Source information –

▬▬▬

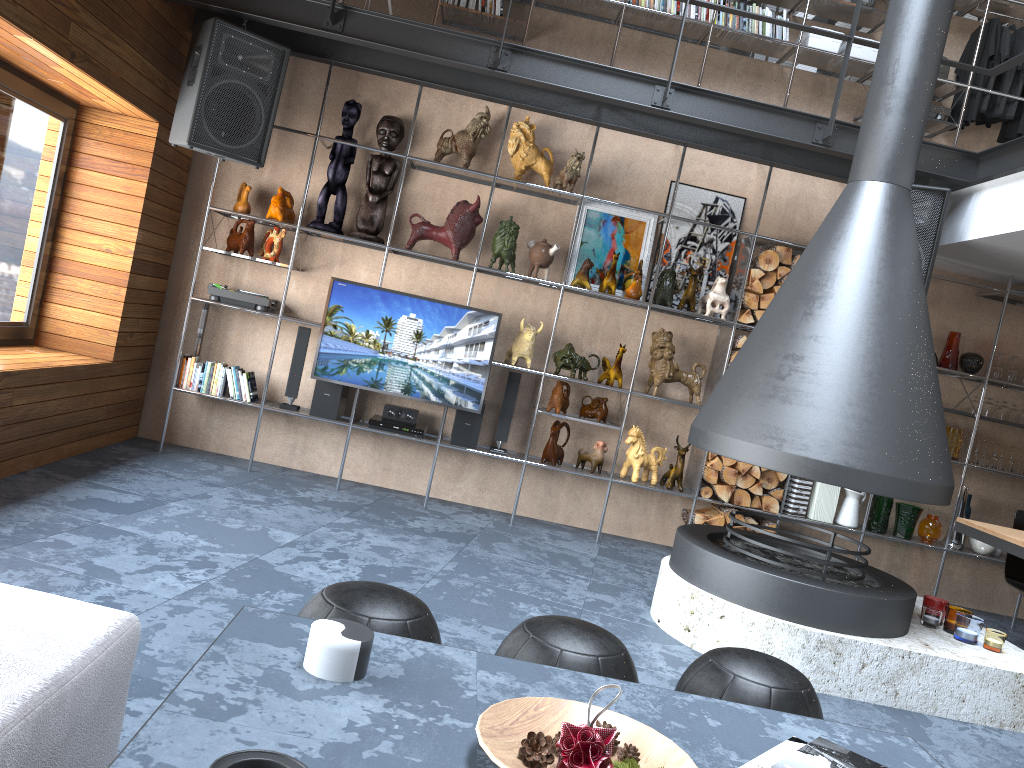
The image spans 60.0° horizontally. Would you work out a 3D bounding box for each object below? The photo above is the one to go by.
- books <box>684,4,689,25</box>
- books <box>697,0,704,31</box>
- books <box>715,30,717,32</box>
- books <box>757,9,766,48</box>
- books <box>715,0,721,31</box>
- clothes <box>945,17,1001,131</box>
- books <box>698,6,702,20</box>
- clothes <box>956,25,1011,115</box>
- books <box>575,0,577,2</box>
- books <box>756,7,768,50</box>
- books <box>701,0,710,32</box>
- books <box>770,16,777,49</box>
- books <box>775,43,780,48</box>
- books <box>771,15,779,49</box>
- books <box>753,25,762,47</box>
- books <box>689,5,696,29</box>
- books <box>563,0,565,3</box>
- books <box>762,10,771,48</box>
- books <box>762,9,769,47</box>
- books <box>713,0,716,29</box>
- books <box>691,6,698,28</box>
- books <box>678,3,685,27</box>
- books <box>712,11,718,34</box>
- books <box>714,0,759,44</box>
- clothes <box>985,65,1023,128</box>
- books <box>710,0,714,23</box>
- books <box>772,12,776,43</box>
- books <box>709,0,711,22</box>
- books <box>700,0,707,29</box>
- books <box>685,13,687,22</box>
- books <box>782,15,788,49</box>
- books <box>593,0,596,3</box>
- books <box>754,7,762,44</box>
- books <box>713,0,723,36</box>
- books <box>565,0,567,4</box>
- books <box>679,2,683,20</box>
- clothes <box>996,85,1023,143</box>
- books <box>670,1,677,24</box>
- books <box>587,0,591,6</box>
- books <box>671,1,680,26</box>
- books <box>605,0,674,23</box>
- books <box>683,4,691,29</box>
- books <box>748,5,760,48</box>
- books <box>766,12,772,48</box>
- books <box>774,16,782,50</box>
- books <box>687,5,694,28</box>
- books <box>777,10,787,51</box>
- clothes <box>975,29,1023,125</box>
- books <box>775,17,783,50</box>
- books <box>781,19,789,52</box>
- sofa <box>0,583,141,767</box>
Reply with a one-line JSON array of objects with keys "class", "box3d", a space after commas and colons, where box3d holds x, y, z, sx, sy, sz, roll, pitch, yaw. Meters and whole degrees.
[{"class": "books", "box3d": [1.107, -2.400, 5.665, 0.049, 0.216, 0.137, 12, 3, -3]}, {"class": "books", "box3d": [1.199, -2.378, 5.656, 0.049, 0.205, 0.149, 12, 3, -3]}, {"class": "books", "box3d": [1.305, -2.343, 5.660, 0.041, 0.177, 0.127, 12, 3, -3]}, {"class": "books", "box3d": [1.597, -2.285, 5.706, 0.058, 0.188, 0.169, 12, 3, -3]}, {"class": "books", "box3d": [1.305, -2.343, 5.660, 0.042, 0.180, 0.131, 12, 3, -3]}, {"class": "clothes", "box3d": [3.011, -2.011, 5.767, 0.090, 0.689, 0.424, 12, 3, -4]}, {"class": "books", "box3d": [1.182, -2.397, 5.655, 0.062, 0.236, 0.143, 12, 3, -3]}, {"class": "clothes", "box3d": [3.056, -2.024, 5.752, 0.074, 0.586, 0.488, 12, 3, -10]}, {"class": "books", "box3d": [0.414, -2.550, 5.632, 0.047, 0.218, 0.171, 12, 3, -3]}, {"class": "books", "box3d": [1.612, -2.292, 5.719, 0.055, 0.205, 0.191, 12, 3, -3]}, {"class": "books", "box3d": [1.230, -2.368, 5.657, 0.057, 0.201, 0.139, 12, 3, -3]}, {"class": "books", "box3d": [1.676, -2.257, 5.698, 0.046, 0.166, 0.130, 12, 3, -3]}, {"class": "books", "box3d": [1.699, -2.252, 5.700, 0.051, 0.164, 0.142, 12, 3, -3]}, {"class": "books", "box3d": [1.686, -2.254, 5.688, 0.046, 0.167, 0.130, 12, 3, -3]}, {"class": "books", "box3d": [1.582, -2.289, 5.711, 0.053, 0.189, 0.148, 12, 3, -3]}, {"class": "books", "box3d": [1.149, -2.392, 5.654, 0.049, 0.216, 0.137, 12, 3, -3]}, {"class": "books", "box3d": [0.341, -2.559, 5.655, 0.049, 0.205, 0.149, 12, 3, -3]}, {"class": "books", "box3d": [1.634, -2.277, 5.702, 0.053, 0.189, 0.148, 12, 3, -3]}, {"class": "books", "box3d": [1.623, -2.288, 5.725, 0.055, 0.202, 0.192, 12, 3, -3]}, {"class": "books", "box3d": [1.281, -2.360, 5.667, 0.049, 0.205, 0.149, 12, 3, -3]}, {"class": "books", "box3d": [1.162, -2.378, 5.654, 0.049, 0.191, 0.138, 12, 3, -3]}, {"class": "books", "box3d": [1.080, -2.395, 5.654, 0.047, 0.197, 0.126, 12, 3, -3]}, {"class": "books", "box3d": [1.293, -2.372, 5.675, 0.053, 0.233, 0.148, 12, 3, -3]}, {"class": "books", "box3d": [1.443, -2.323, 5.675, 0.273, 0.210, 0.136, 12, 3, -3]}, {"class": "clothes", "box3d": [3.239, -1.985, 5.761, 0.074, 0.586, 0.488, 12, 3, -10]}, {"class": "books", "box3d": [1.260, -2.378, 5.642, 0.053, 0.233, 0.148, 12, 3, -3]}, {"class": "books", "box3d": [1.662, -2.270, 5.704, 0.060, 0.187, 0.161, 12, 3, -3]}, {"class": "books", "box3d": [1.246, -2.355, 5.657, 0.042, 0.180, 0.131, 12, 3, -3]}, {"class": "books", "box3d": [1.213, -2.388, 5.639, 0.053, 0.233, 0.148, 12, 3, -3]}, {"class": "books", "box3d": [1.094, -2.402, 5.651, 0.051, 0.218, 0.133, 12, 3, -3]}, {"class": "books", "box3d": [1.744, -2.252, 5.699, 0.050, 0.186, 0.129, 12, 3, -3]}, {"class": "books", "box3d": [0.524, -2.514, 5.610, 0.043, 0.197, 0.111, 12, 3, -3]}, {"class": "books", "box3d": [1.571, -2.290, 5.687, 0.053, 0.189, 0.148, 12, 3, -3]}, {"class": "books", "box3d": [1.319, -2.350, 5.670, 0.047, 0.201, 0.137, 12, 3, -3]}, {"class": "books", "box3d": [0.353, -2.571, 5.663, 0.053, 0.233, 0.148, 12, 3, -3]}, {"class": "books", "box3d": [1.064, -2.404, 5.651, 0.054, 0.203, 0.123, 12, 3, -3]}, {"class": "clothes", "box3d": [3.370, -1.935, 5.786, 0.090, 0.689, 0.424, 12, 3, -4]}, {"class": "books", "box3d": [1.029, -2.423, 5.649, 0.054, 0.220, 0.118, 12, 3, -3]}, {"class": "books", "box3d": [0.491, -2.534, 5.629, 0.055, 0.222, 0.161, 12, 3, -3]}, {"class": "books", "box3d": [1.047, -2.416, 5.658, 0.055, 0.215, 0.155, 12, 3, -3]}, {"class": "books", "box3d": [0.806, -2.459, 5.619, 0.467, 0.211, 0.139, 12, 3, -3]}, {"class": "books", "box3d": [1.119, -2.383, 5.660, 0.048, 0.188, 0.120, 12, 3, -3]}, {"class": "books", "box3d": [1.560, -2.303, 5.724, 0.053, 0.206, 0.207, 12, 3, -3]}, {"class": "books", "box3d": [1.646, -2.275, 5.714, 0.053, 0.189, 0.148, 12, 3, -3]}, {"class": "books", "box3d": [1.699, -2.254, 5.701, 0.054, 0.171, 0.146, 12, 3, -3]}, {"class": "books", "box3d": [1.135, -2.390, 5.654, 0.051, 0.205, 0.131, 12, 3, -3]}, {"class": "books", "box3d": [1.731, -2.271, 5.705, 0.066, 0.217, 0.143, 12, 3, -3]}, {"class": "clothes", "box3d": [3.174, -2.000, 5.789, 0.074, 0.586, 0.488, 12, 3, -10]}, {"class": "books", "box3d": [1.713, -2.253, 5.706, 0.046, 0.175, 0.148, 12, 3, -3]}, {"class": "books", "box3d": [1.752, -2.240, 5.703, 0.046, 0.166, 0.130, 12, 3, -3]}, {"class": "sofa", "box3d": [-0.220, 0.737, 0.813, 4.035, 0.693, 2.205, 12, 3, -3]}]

▬▬▬

Requirement –
Only the lines above from the line containing "- books <box>766,12,772,48</box>" through the line containing "- sofa <box>0,583,141,767</box>" should be retyped, exactly and with both ends included.

Finished task –
- books <box>766,12,772,48</box>
- books <box>774,16,782,50</box>
- books <box>687,5,694,28</box>
- books <box>777,10,787,51</box>
- clothes <box>975,29,1023,125</box>
- books <box>775,17,783,50</box>
- books <box>781,19,789,52</box>
- sofa <box>0,583,141,767</box>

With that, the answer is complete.